Now think of the other costs associated with the surgery. First there was a the receptionist who checked in the patient. Next the medical assistant helped the patient undress and the nurse took the vital signs, etc. The salaries of these staff members are cost too. Since these workers each assist multiple patients and do other non-surgery related tasks as well, it is difficult to relate their salary to the surgery. Because we cannot relate it directly to the originally mentioned surgery, it is an indirect cost.

In true activity based costing, each task resulting in indirect costs would be calculated on an ongoing basis and it is a bit more complicated than this. While it is possible, it may not be practical for many healthcare providers to do this all the time like a large manufacturing company might; however, it is practical and beneficial to do an ABC assessment as part of an overall financial health check-up for medical practices.

Since few medical practices have the high-end tracking and accounting systems required to really perform activity based costing. I will give you a little tip on a easy way to do your own variation on ABC. It is best to hire an outside party to do this review as an outsider will not have the same bias staff may have. Plus, you do not want to upset the existing workflow. There is no need to hire someone really expensive – a pre-med student from the local college will be very glad for the internship opportunity to learn about the business aspects of medicine.

To begin, the office manager or doctor should use Excel to make a list of functions in the office. The functions will be listed in the rows of the first column. Functions, for example, might be front desk, billing, nurses, medical assistants, etc. Under each function, itemize tasks completed by these functions in rows beneath each function. The items on the list should be relatively broad while breaking down the major tasks in the office. For example, telephone calls should be an item but don’t break down the list by the type of phone call unless you are assessing billing where it would be helpful to assess the time dedicated to patient calls versus accounts receivable follow up.
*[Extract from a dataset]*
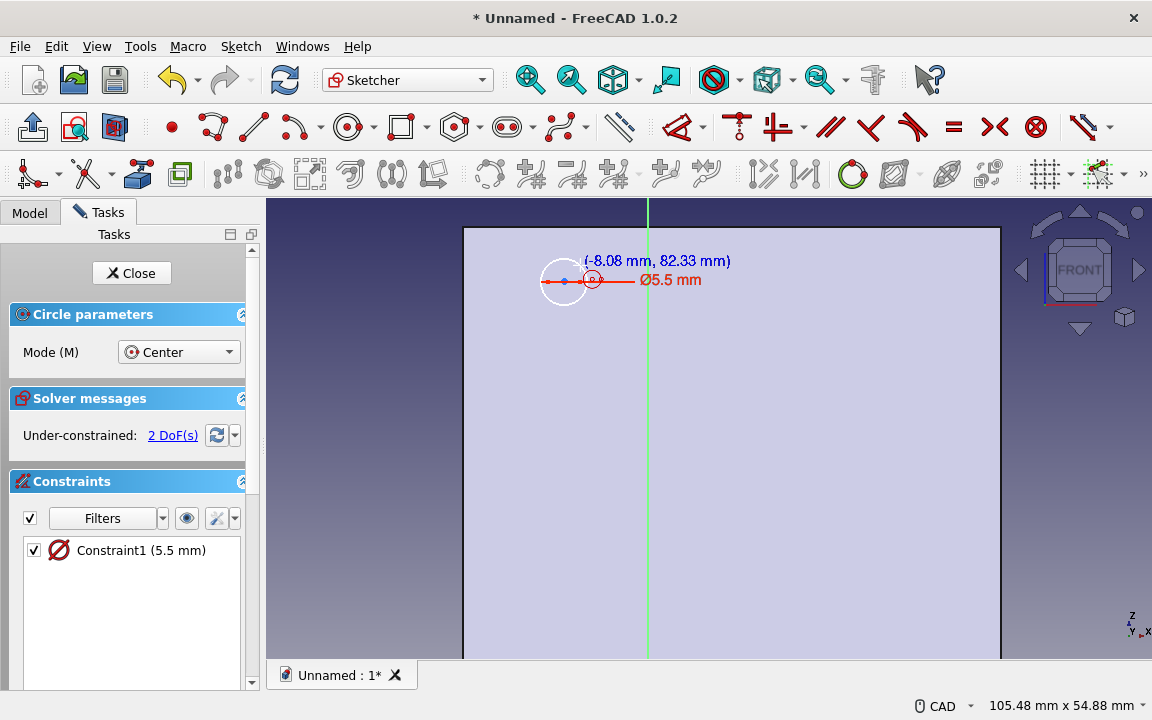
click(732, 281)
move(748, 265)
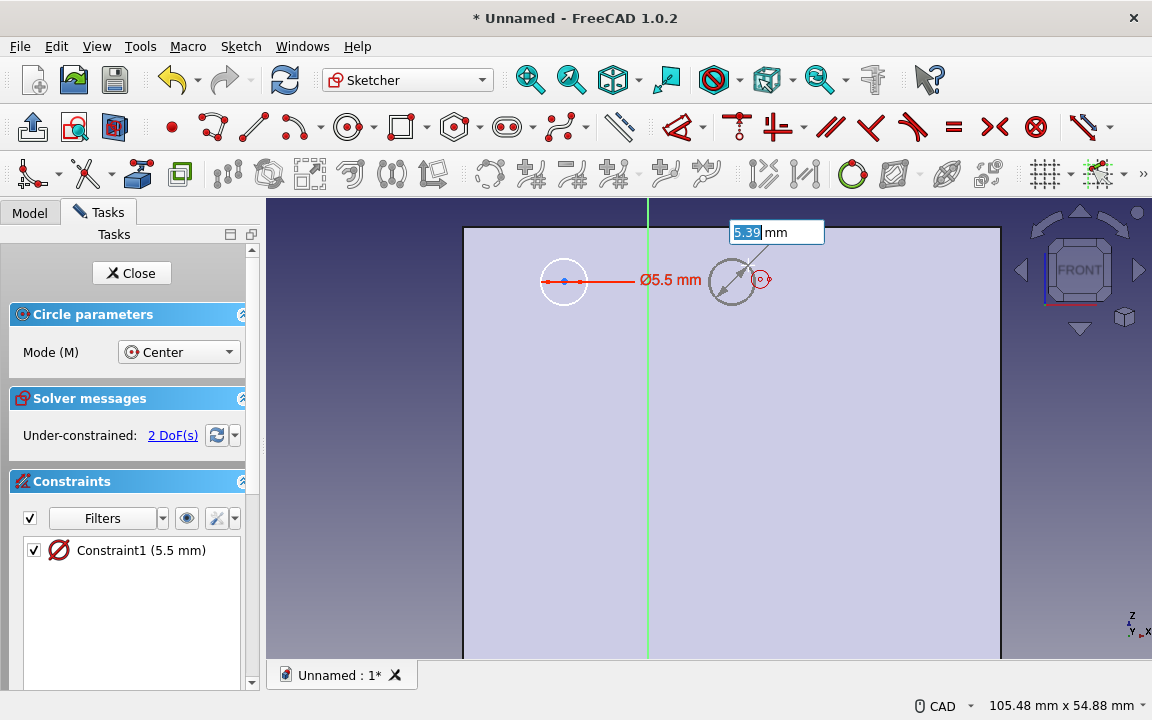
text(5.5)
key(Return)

At this point, the intern gets to work! The intern should be instructed to watch different functions work and record the approximate time in minutes associated with each task. For the most comprehensive results, the intern should spend a 2-3 full days with each function. Be sure that the time spent with each function is equal so you can compare apples to apples. To avoid disruption and skewed results, the intern should limit their interaction with the staff; however, some questions are inevitable as the intern may not recognize some of the tasks without asking . Don’t worry too much that the times are not perfect. In this assessment we are only trying to get a relative understanding of times as we look for patterns indicating inefficiency. The intern should also be instructed to documenting any additional tasks, missing from your worksheet that seem to be a major part of the function’s job. At the end of each day of the assessment, the intern must record the total time for each task by function.

When the intern is done evaluating with each function (2-3 days data recorded)

First, average the time associated with each task.
Next, average the salary (e.g. cost) per minute by function.
Now, multiply the average cost by the average task time
Finally, multiply the total from the last step by the number of working days in an average month to come to your monthly cost per task.

Now, you can evaluate your practice to see exactly how you are spending money. If you find that one task is very expensive as compared to others, you can look for ways to streamline that task. Here's a sample:


There is, however, a big caution here! DO NOT assume that an expensive task has no return on investment. DO NOT eliminate tasks because they look expensive in a general assessment like this. The purpose of this assessment is to determine if the costs are effectively accomplishing goals of the practice. You need to use this tool as a guide to begin a search for inefficiencies in processes ONLY. Remember, this is simply the a first step to help you determine if the costs are making effective use of resources.